20世紀の終わりにカナダ留学をして以来、メディアから提供される情報に対して懐疑的になり、メディアとは何なのかを知りたく、この書籍を手にとったのがメディア・リテラシーとの最初の出会いでした。大学のゼミ発表にカナダでの体験を交えカナダにおけるメディア・リテラシー教育がどのようなものであるのかをレポートにまとめ、発表の際使用したレジュメがこのブログの基礎になるものです。(以前のブログで箇条書きにして要点をまとめたものを読むに耐えうる程度に加筆をしました。)

メディア・リテラシーを一言で言うなら、世の中に溢れるあらゆる情報を読み解く能力のこと。世界中で活躍する情報分析官が行っていることも同じカテゴリーに属すると思います。テレビや新聞で流れるニュースや企業の広告、政治団体の主張を含むあらゆる組織の主張を分析することも広範囲の意味でメディア・リテラシーです。

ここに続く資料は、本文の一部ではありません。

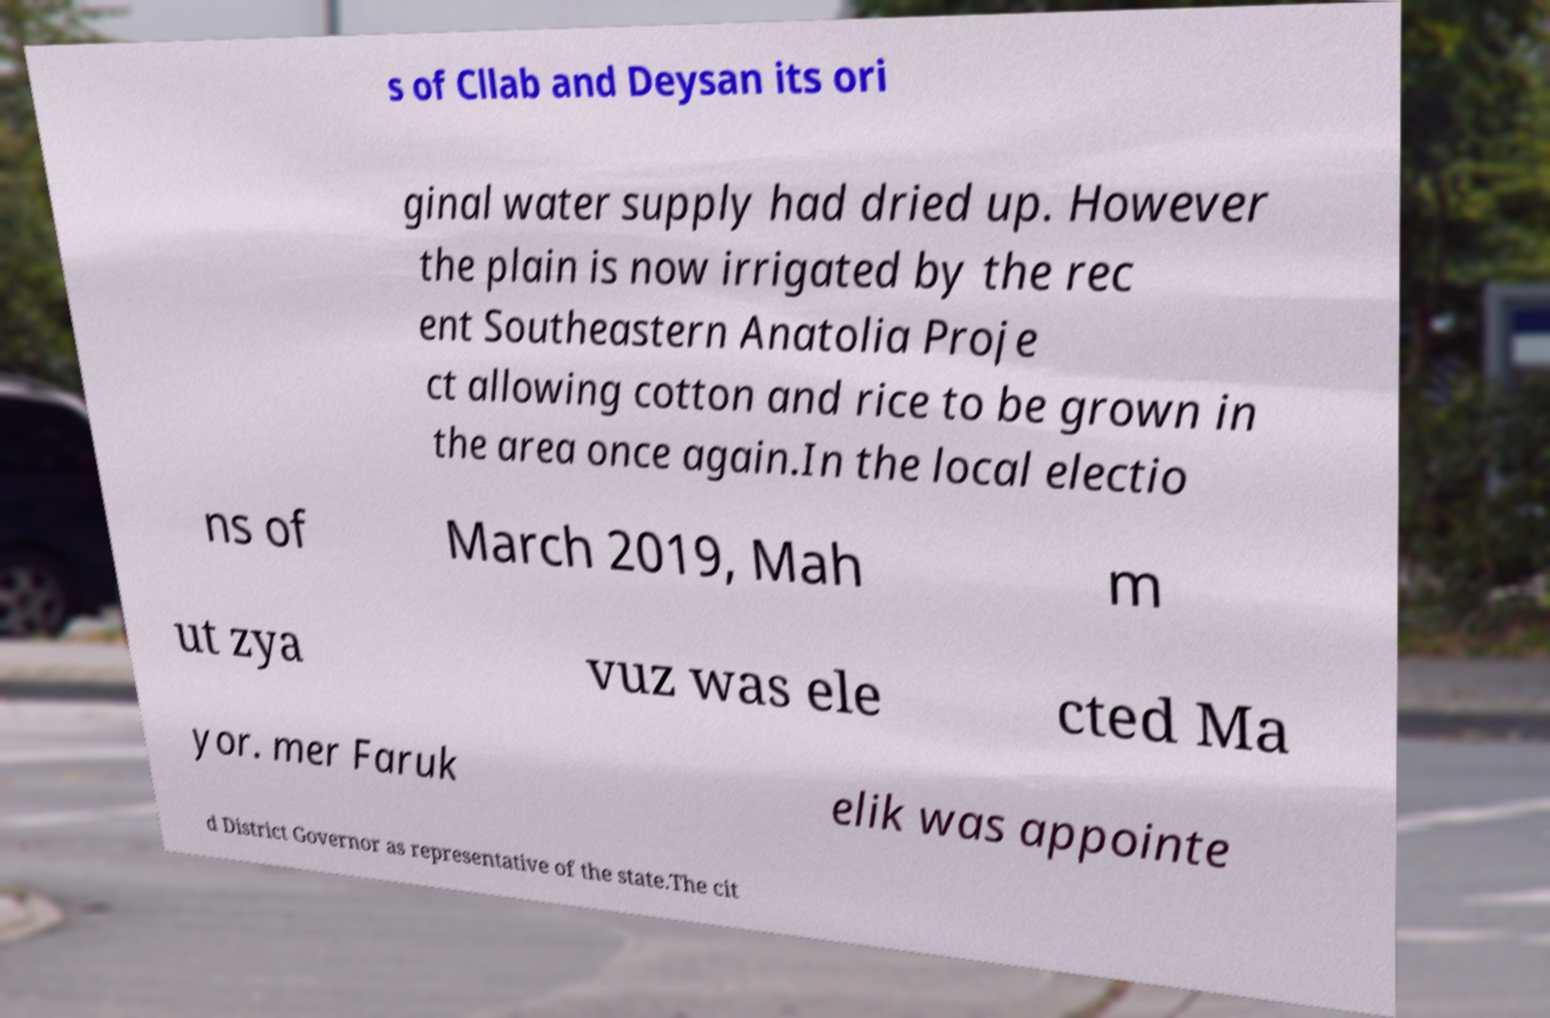Please read and relay the text visible in this image. What does it say? s of Cllab and Deysan its ori ginal water supply had dried up. However the plain is now irrigated by the rec ent Southeastern Anatolia Proje ct allowing cotton and rice to be grown in the area once again.In the local electio ns of March 2019, Mah m ut zya vuz was ele cted Ma yor. mer Faruk elik was appointe d District Governor as representative of the state.The cit 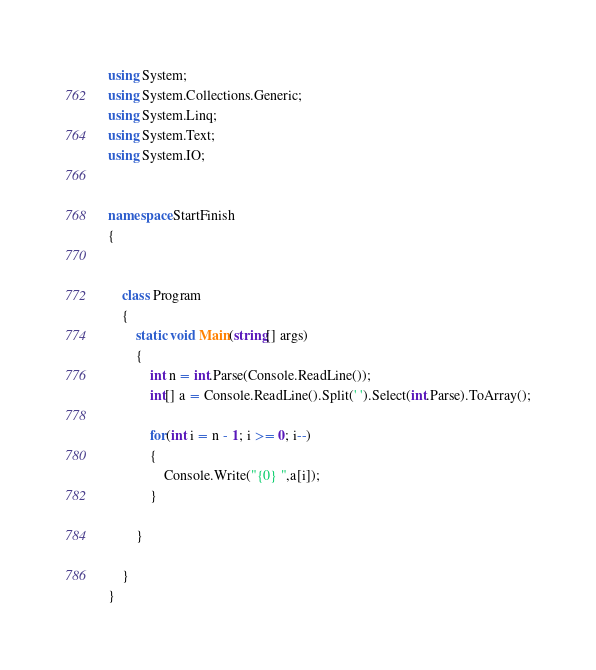Convert code to text. <code><loc_0><loc_0><loc_500><loc_500><_C#_>
using System;
using System.Collections.Generic;
using System.Linq;
using System.Text;
using System.IO;


namespace StartFinish
{
 

    class Program
    {
        static void Main(string[] args)
        {
            int n = int.Parse(Console.ReadLine());
            int[] a = Console.ReadLine().Split(' ').Select(int.Parse).ToArray();

            for(int i = n - 1; i >= 0; i--)
            {
                Console.Write("{0} ",a[i]);
            }

        }
        
    }
}</code>

『メディア・リテラシー 世界の現場から』にはアメリカ、イギリス、カナダにおけるメディア・リテラシー教育がどのように行われているかを丹念な調査により非常にわかりやすく書籍という形でまとめられています。カナダにいた者として特にカナダについてをピックアップしブログとしてまとめました。メディア・リテラシーの分析手法を身につければ、あらゆる学問や仕事にも応用できるので勉強する価値があります。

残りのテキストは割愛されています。